- Battle of Tabankort (2015): Part of Mali War
| Date | January 16–20, 2015 |
| Location | Tabankort, Gao Region, Mali |
| Result | Platform-MINUSMA victory |

Belligerents
- Platform GATIA; MAA-Loyalist; CM-FPR II; ; MINUSMA Netherlands; ;: CMA MNLA; HCUA; MAA-Dissident; ;

Casualties and losses
- 5 killed (per Platform) 25+ injured (per MINUSMA): 11 killed (per CMA) 21 injured (per CMA) 26 killed (per Platform)

= Battle of Tabankort (2015) =

Between January 16 and 20, 2015, Platform and the Coordination of Azawad Movements clashed in the town of Tabankort, Gao Region, Mali. The clashes sparked a conflict between the CMA and the Dutch contingent of MINUSMA, which led to a controversial demilitarized zone.

== Prelude ==

In July 2014, fighting broke out between the pro-government militias of Platform and the rebel Coordination of Azawad Movements (CMA) coalition. Platform consists of the GATIA, the loyalist faction of the Arab Movement of Azawad (MAA) led by Yoro Ould Daha, and the Coordination of Movements and Patriotic Resistance Front (CM-FPR II), and the CMA consists of the National Movement for the Liberation of Azawad (MNLA), High Council for the Unity of Azawad (HCUA), and the MAA's dissident faction led by Sidi Ould Brahim Sidati.

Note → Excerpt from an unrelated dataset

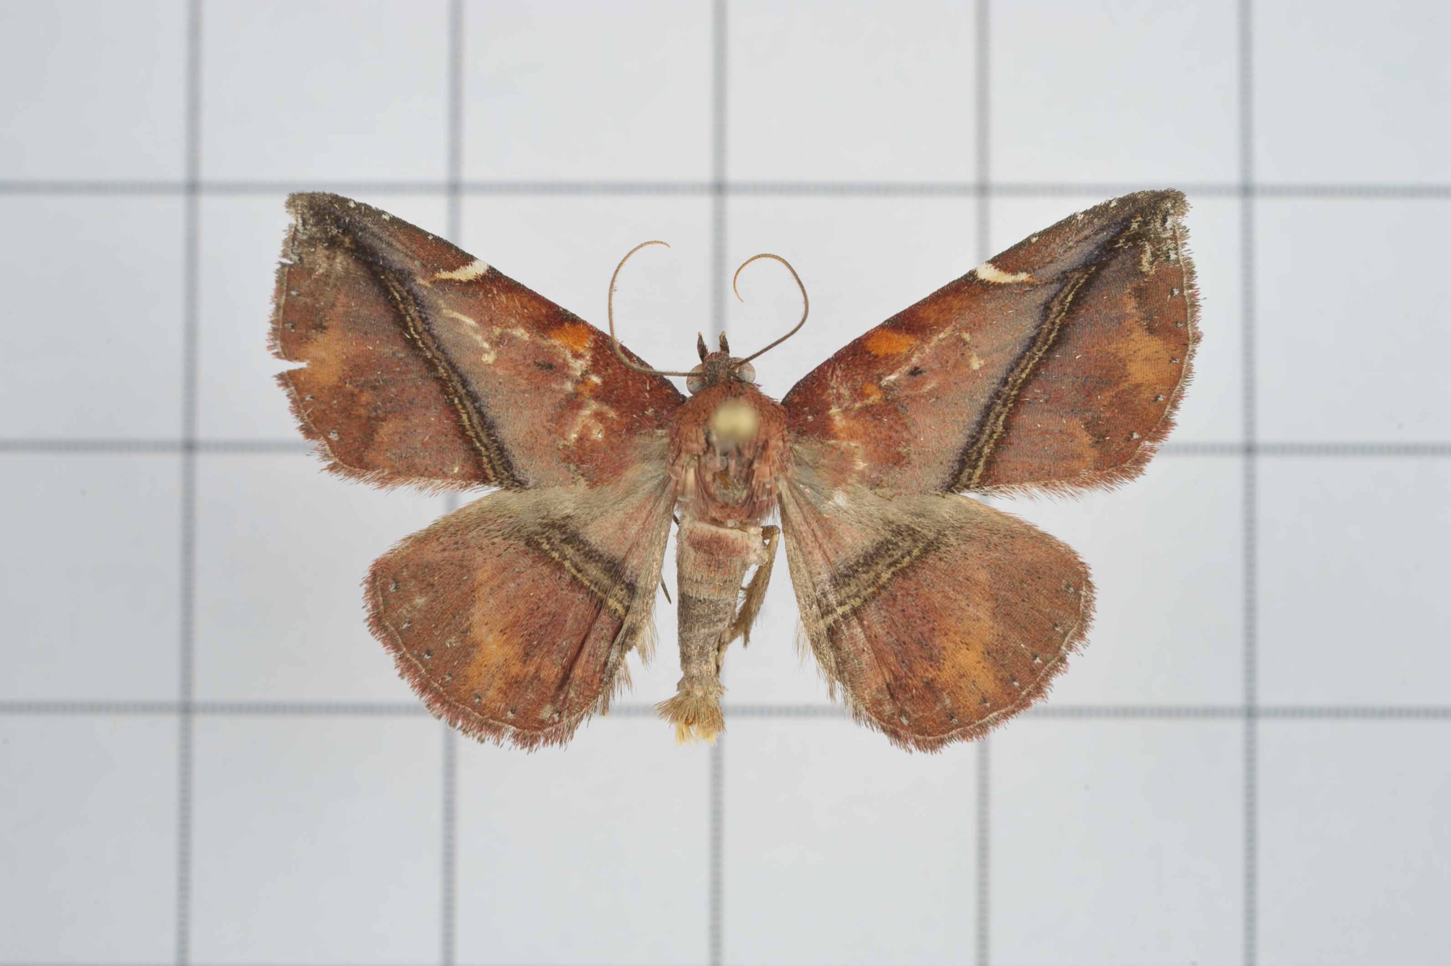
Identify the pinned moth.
Condate purpurea

Following the fighting, Platform exercised control over Tabankort, and the CMA had control over the nearby town of Anefif. Both sides accused the other of looting and other abuses against the civilian population of the other town. On January 17, the CMA announced it had "Initiated a major operation aimed at dismantling" Platform.

== Battle ==
Between January 16 and 17, skirmishes broke out between Platform and CMA fighters in Tabankort, although no casualties were reported. The CMA, on January 19, held their positions in the town and asked the MINUSMA peacekeepers stationed there to leave. The contingent, manned by Dutch peacekeepers, refused.

On January 20, a Dutch helicopter intervened in a clash between Platform and the CMA, with the Dutch firing six missiles at an MNLA vehicle carrying heavy weapons. MINUSMA released a statement stated that it had been "forced to use force" after warning shots were not heeded. The CMA denied firing on the peacekeepers, and accused MINUSMA of breaking neutrality. The CMA also threatened to void any security collaboration with MINUSMA, but would not break the ceasefire. Fighting continued that sameday between Platform and the CMA.

Two hundred demonstrators occupied the Kidal Airport and threw stones at peacekeepers in the city following the attack. The protests ended the next day, and traditional leaders called for calm.

== Aftermath ==
The CMA initially accused MINUSMA of the deaths of five fighters and the injuries of twenty others. When the victims were brought back to Kidal on the 21st, eleven CMA fighters were killed and twenty-one were injured. Platform claimed the loss of five fighters and two vehicles, and claimed to have discovered twenty-eight CMA bodies. They also claimed to have destroyed fourteen rebel vehicles and weapons. In its March 2015 report, the UN stated six GATIA fighters were killed and at least twenty-five Platform fighters were injured.

On January 24, MINUSMA and the CMA agreed on a demilitarized zone between Anefif and Almoustarat that was ten kilometers wide. Residents of Gao protested against the zone, sparking clashes with Rwandan peacekeepers who opened fire, killing three civilians and injuring four others. The project was scrapped by MINUSMA on January 28.